4. What happens if we need to fit a time-homogeneous HMM (i.e. no covariates for the transition model)? Using a constant input would feel hacky and computationally inefficient. Would we need to implement two interfaces (perhaps same name but different number of arguments, assuming we can overload functions)?
5. Is there a straightforward way to allow for regressors in the emission mean? Think for example of an Markov-Switching AutoRegressive model for time series (i.e. AR1 with a pair of regression coefficients for each hidden states). Does the proposed interface accept non-parameters for alpha1, …, alphaN? If so, I think we may use these quantities to model emission means when needed (e.g. instead of being free parameters, these could be a linear combination of some elements of the data block and some free parameters).

Inference

I believe the main goal of having HMM built-in is to gain performance, mostly by avoiding autodifferentiation. As such, I’d stick with the forward algorithm since adding the forward quantity to the target is enough to get the sampler working. The forward-backward pass is optional and can be programmed in the generated quantities block. Same with Viterbi decoding.
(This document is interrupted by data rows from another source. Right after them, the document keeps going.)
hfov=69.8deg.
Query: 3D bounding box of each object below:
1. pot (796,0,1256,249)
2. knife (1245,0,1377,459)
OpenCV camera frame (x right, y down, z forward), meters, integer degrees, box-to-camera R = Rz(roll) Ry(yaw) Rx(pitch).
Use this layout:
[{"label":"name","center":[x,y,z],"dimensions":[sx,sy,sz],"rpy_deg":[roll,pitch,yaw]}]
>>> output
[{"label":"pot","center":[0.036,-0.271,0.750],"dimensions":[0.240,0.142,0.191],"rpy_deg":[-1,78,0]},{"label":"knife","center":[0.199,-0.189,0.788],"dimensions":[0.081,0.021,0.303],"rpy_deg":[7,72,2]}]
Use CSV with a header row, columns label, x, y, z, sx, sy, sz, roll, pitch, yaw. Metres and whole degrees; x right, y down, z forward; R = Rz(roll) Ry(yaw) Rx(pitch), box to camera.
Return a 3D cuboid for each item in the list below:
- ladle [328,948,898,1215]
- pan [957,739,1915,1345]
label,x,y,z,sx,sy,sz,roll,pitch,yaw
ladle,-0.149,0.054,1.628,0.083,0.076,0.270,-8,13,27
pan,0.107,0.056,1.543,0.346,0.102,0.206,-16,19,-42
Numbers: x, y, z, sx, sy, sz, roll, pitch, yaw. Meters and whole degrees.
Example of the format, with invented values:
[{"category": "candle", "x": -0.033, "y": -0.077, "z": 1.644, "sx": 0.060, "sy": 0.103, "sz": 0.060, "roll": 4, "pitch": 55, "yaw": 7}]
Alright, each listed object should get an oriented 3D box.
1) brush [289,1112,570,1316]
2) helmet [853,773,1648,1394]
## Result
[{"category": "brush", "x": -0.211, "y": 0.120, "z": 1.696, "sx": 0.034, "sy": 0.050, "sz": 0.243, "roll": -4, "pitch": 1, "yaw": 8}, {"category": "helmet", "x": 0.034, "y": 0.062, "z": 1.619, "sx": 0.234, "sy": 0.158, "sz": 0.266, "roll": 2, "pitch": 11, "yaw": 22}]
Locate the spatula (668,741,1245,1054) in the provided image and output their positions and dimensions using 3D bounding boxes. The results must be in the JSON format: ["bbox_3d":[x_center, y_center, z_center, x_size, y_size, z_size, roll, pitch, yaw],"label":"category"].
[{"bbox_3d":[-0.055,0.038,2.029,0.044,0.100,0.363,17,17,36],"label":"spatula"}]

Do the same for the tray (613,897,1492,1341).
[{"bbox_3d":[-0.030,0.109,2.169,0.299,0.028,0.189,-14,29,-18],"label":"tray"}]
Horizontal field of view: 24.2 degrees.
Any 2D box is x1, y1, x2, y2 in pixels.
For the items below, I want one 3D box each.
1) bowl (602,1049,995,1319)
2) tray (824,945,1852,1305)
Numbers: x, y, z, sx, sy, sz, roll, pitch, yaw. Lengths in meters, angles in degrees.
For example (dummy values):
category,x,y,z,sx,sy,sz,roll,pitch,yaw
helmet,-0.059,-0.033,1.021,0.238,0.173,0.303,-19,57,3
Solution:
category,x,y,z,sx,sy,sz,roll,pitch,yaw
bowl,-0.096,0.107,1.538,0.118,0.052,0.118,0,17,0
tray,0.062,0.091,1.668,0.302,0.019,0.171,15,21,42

Don’t get me wrong, I like smoothed probabilities a lot, but I think the first step should be getting the right posterior. After that, we can provide with convenience functions to compute the other optional quantities (e.g. an overloaded instance of hmm_lpdf with an extra argument where we store the smoothed probability or the jointly most likely path).

Finally, @Bob_Carpenter: I assume we’d need to implement this built-in density as a “template”. Is there a template for another model that you’d recommend us to take a look at? I was considering taking a loot at the GP work but you may know of another built-in model that is more or less similar than our use case.

#6

We can allow multivariate emissions that can be encapsulated in a Stan type. So the movement HMMs with bearing and distance could be represented either as vector or real[] emission types. What we won’t be able to do until we have tuples is allow heterogeneous emissions, like tuple<vector, matrix, int, real>

We don’t need to start there, but it seems like we’ll need it in the long run.

I was assuming a single mixture family, with parameters varying by state. Thus if you choose an appropriate density like Student-t, then the tails can vary based on the degrees-of-freedom parameter.

Is there motivation for letting the families vary—do they even need the same support?

I want to keep the complexity bounded rather than targeting the most general thing possible. But this is a judgement call.

We’ve found soft-centering to make convergence easier than the hard sum-to-zero constraint.

If we want to vectorize, we’ll observe multiple emission sequences of potentially different sizes.

Not univariate, but we can’t bound the number of parameters—the idea is that if there are K states, then you need T1[K], …, TN[K] so the mixture components each get their own parameters.

For efficiency, that’d make sense. There’s a lot of reduction that can happen if we know it’s time-homogeneous. It might also be easier to start there rather than with the more complicated case.